▸ **Exercise prompt**
Every line below that carries the word "kodas" needs to be copied.

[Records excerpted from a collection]
--*--

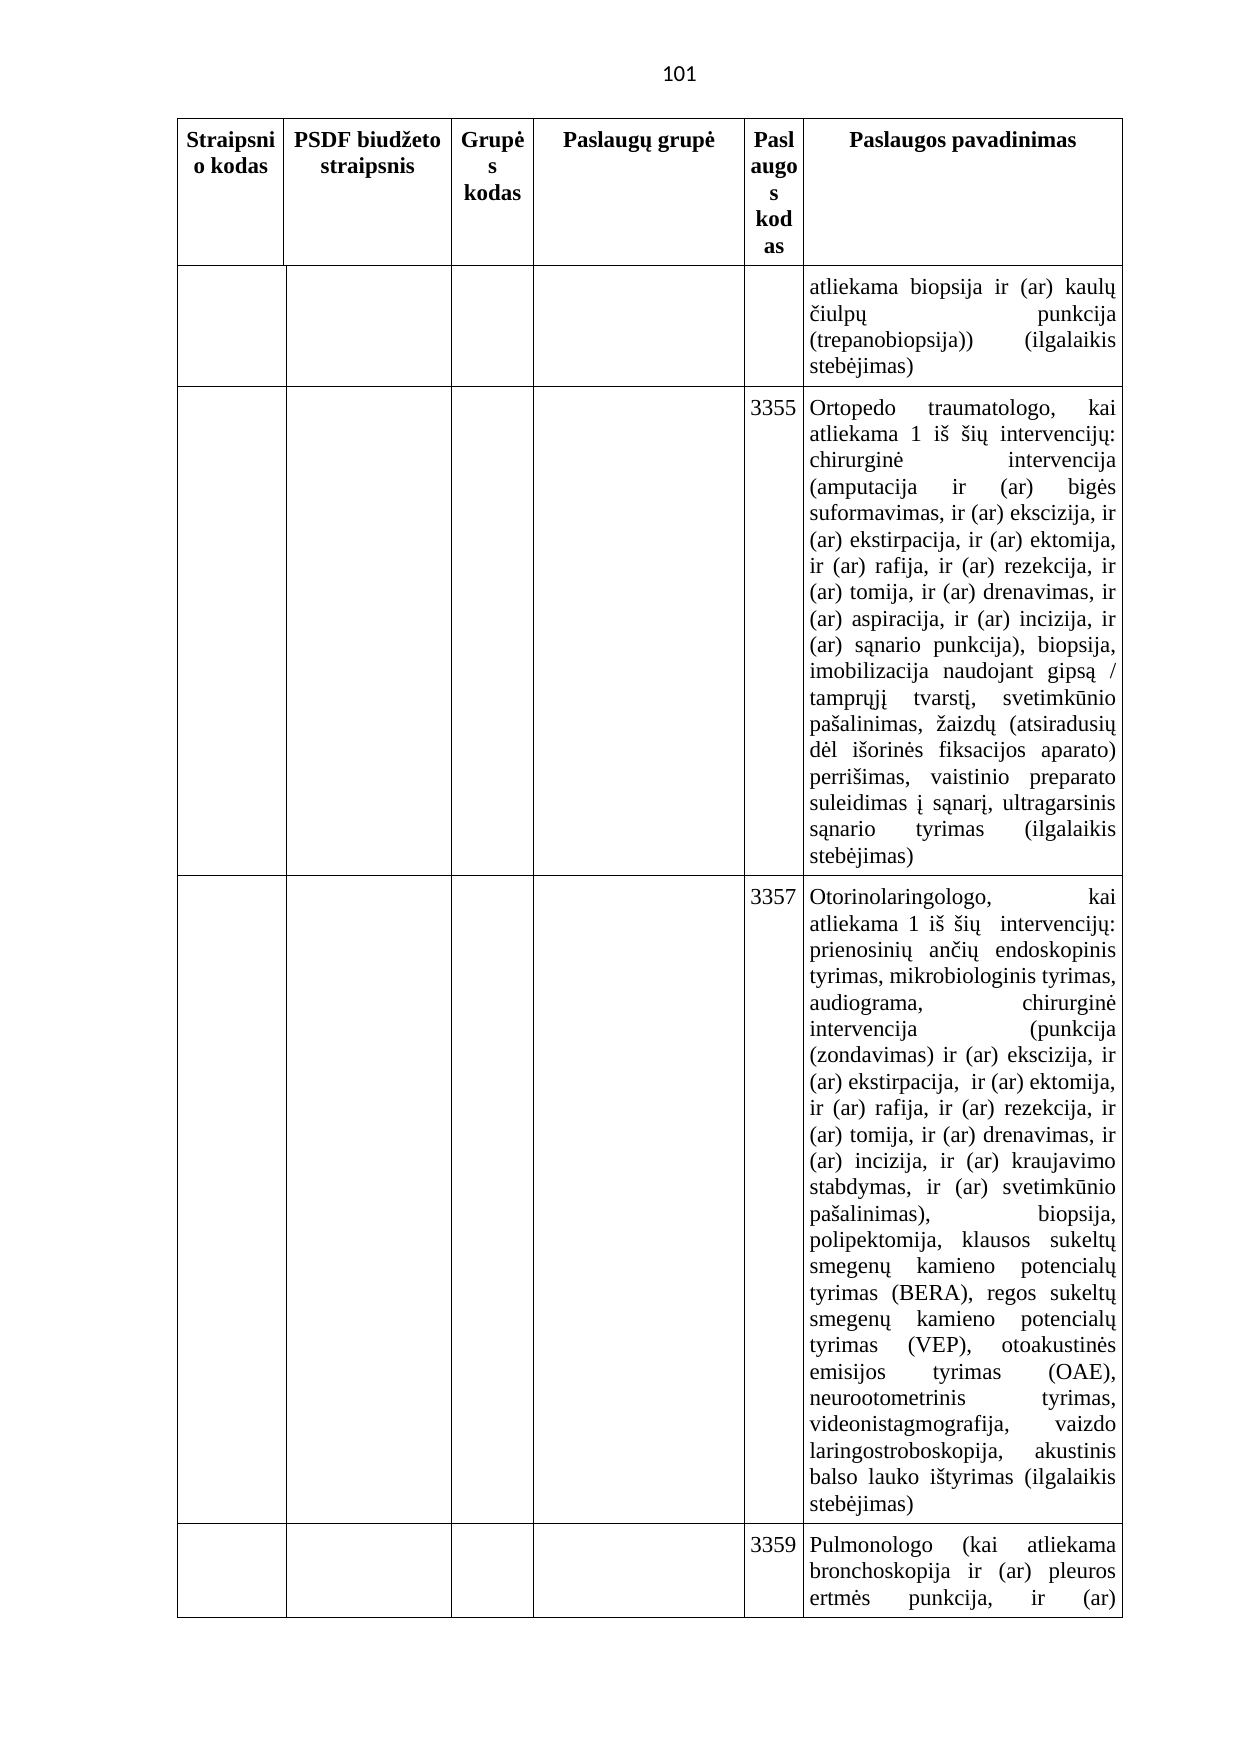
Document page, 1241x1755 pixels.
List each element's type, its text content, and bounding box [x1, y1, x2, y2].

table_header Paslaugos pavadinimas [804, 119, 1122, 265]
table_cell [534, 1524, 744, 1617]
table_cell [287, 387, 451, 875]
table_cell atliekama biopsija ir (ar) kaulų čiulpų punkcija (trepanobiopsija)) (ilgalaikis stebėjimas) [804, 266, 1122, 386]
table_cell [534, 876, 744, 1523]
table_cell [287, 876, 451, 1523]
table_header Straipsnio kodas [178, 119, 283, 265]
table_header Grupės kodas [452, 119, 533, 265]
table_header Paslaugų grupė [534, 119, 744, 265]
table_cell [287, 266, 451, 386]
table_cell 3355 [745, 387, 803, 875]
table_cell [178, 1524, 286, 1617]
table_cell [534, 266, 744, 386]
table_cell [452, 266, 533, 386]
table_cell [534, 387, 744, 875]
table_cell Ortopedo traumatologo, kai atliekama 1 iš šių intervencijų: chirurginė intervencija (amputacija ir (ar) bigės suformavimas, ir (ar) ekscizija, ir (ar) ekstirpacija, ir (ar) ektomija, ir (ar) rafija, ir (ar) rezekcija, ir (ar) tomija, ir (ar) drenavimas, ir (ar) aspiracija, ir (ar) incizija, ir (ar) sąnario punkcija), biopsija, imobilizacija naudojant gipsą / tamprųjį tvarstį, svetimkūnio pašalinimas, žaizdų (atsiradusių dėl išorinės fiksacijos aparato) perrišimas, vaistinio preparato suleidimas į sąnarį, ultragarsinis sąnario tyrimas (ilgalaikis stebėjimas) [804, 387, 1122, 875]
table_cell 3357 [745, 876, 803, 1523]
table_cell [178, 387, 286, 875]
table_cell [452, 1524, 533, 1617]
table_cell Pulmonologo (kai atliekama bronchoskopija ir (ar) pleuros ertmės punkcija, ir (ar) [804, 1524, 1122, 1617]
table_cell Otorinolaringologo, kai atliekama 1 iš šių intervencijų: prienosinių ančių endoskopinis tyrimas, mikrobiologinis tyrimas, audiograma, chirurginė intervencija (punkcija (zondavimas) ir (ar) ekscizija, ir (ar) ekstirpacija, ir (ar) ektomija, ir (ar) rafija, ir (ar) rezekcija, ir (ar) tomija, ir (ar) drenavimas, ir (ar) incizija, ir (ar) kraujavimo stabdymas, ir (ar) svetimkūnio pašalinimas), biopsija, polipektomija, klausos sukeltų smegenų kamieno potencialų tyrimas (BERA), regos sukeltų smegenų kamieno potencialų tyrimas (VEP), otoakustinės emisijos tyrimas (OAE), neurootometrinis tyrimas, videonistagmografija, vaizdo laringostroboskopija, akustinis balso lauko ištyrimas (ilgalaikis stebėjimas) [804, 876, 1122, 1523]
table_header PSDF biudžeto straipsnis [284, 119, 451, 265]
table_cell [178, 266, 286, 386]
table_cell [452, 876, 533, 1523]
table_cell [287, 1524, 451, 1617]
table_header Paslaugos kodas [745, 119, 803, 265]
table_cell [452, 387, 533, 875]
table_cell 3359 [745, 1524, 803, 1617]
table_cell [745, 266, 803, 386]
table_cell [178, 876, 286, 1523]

--*--

▸ **Response below**
table_header Straipsnio kodas [178, 119, 283, 265]
table_header Grupės kodas [452, 119, 533, 265]
table_header Paslaugos kodas [745, 119, 803, 265]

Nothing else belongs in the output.